Further following this logic, it must be the case that only things undergoing acceleration or being influenced by gravitation can be time-dilated. When we compare two frames that are simply in relative uniform motion, neither frame will be time-dilated.

Let me outline my logic in case it isn’t clear.

First, we have The Facts, as given at the start of this essay.

Next, we have my thought experiment involving two rockets each carrying a cargo of muons. Each rocket is so long that, in the absence of the existence of time dilation, muons traveling at near light speed would decay before they traversed the length of the rocket. Thus, in the time it takes the moving rocket to traverse the length of the stationary rocket, the stationary rocket’s cargo will have decayed (since each rocket regards itself as being at rest and thus not experiencing time dilation as given in The Facts). Thus, when the protrusions on the stern of each ship come into contact, each rocket will report that its cargo has decayed. In other words, neither cargo of muons has outlived the other as predicted by The Facts, thus leading to the inescapable conclusion that time dilation cannot be a reality in this case.
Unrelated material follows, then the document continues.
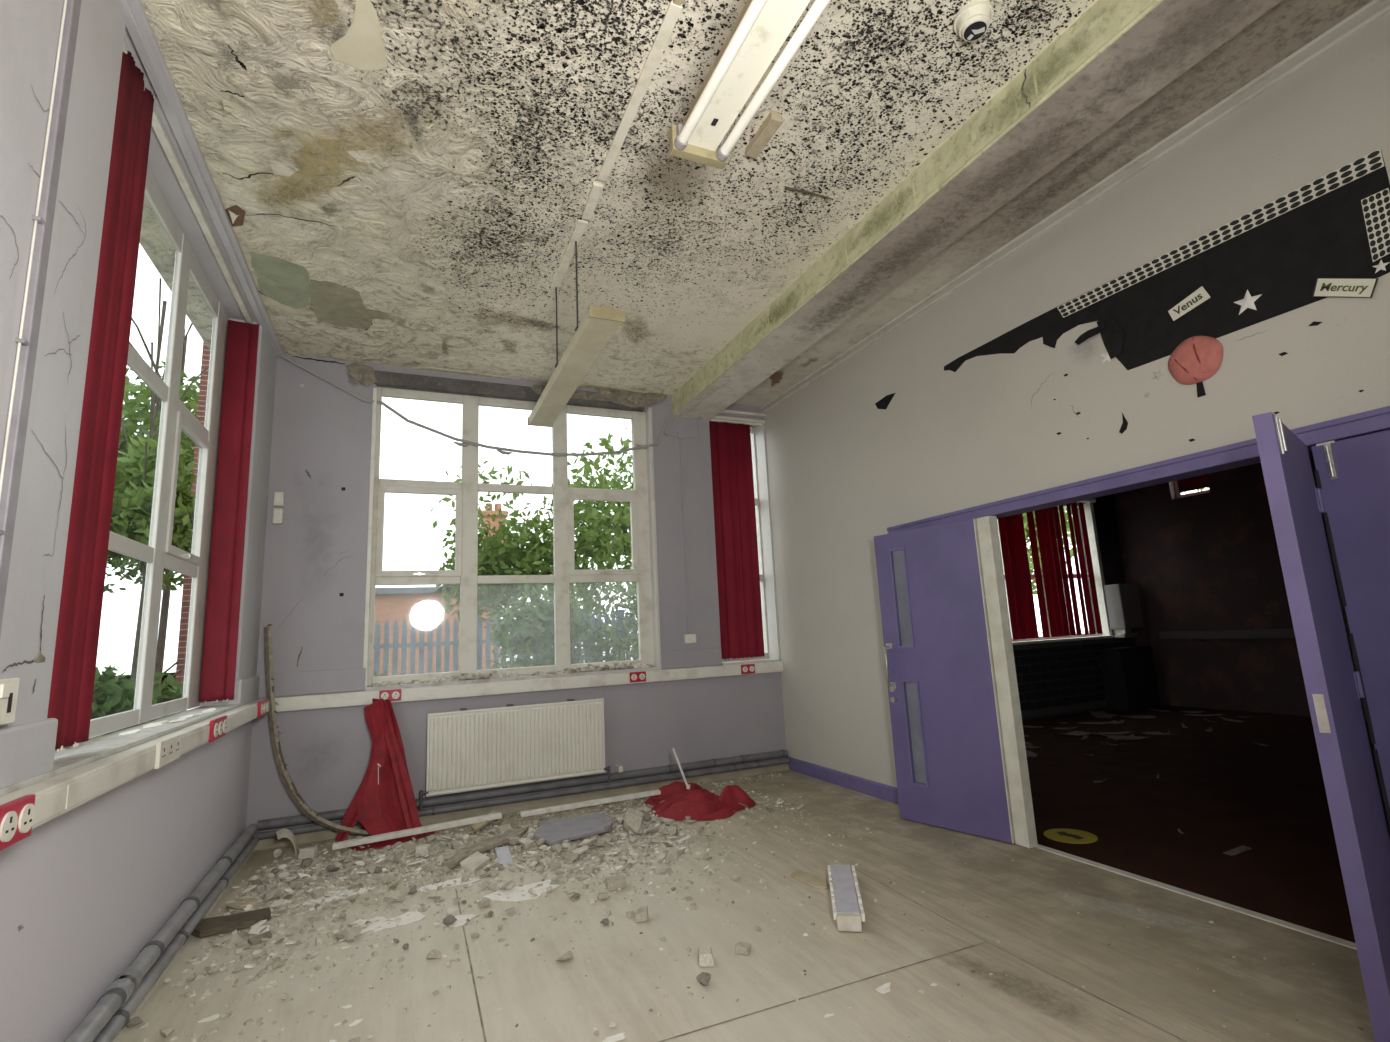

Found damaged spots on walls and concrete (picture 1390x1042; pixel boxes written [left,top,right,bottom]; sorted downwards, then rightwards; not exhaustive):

Continuing. We then have the case of the long-lived muons, where cosmic-ray muons traveling at near light speed outlive their Earth-bound counterparts. This is proven by experiment. According to the general relativistic explanation, this asymmetric deviation from the symmetric prediction of The Facts is caused by gravity. But both sets of muons (Earth-bound and upper-atmosphere cosmic-ray muons) are experiencing gravity. However, the cosmic-ray muons are experiencing an increasing gravitational force. They start off in the upper atmosphere where gravity is slightly weaker, and travel downward, into increasing gravitational strength. It thus cannot the mere presence of gravity which breaks the symmetry in the case of the cosmic-ray muons, but changing gravitational strength, or potential.

Considering both situations, I conclude that, if time dilation exists, it must be caused by gravity or acceleration, and that time dilation only exists when either is present. Time dilation is not present in the absence of gravity or acceleration, regardless of relativistic velocity.

Okay, I guess I’m done rambling now.